- [The problem] Below are some entries; reproduce them exactly and leave every picture out.

- [Records for this exercise]

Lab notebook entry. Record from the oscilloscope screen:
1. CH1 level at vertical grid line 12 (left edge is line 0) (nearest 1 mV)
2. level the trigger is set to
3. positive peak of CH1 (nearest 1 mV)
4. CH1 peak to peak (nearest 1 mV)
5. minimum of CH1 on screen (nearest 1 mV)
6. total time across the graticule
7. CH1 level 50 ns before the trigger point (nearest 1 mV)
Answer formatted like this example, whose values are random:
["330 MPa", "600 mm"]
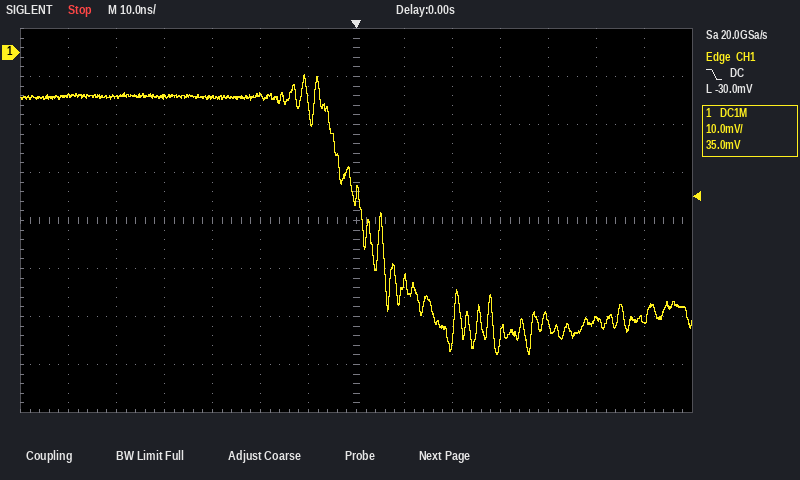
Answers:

- [Result for this exercise]
Lab notebook entry. Record from the oscilloscope screen:
1. CH1 level at vertical grid line 12 (left edge is line 0) (nearest 1 mV)
2. level the trigger is set to
3. positive peak of CH1 (nearest 1 mV)
4. CH1 peak to peak (nearest 1 mV)
5. minimum of CH1 on screen (nearest 1 mV)
6. total time across the graticule
7. CH1 level 50 ns before the trigger point (nearest 1 mV)
Answer formatted like this example, whose values are random:
["330 MPa", "600 mm"]
Answers:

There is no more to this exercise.